**Data:**
□ □ □ □ □ □ □
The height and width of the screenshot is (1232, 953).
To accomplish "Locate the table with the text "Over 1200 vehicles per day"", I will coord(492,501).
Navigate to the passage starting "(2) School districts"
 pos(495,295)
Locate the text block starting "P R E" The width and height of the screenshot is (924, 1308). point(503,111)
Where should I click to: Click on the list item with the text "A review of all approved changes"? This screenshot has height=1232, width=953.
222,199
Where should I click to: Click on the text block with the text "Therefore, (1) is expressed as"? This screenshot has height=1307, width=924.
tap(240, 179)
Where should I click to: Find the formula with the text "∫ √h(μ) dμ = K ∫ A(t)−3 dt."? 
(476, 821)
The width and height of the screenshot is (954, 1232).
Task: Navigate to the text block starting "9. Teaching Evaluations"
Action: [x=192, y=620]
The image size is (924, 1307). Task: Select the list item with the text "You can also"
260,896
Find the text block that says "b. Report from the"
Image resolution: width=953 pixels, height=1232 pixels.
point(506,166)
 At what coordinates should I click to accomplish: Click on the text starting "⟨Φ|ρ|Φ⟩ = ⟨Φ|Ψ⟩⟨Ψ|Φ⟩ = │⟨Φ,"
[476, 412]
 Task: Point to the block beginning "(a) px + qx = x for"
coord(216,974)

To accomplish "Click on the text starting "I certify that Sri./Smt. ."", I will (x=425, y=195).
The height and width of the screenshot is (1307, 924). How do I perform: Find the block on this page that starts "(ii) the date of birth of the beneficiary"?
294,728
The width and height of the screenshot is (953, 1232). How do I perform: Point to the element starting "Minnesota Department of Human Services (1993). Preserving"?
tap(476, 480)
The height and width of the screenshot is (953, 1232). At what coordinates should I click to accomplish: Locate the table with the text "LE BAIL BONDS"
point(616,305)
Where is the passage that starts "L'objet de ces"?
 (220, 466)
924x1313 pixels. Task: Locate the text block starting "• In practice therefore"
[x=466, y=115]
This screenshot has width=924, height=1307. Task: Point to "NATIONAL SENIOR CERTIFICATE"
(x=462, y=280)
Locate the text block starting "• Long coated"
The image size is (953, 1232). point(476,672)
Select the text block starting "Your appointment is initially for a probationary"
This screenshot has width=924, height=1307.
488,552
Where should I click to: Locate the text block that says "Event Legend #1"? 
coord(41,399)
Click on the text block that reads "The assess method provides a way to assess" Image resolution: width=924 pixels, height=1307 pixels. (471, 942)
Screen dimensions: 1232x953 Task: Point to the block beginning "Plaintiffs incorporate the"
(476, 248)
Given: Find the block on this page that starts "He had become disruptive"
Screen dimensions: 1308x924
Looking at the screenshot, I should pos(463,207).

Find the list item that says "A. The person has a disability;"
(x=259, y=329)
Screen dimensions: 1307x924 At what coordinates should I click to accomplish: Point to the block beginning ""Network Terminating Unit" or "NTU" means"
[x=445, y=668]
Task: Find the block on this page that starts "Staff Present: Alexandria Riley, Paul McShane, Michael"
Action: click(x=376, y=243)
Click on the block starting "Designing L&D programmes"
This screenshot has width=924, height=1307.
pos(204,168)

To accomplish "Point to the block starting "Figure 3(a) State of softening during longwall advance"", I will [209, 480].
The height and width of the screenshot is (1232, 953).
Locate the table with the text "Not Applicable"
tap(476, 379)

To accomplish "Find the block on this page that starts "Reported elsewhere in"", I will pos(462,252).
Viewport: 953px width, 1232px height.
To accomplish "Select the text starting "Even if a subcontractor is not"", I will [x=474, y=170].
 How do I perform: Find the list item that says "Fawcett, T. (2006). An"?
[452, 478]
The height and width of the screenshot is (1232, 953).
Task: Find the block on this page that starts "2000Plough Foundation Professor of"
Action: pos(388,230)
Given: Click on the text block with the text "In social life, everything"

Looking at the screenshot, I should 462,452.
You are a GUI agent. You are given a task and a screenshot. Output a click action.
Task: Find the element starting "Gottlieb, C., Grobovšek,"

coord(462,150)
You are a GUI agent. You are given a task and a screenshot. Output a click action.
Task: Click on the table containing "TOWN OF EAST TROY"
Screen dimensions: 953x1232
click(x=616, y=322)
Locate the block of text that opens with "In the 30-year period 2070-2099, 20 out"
□ □ □ □ □ □ □
**Work instructions:**
For this exercise, please retype exactly the lines in the listing from the line with "Viewport: 953px width, 1232px height." through its last line, both ends included.

**Answer box:**
Viewport: 953px width, 1232px height.
To accomplish "Select the text starting "Even if a subcontractor is not"", I will [x=474, y=170].
 How do I perform: Find the list item that says "Fawcett, T. (2006). An"?
[452, 478]
The height and width of the screenshot is (1232, 953).
Task: Find the block on this page that starts "2000Plough Foundation Professor of"
Action: pos(388,230)
Given: Click on the text block with the text "In social life, everything"

Looking at the screenshot, I should 462,452.
You are a GUI agent. You are given a task and a screenshot. Output a click action.
Task: Find the element starting "Gottlieb, C., Grobovšek,"

coord(462,150)
You are a GUI agent. You are given a task and a screenshot. Output a click action.
Task: Click on the table containing "TOWN OF EAST TROY"
Screen dimensions: 953x1232
click(x=616, y=322)
Locate the block of text that opens with "In the 30-year period 2070-2099, 20 out"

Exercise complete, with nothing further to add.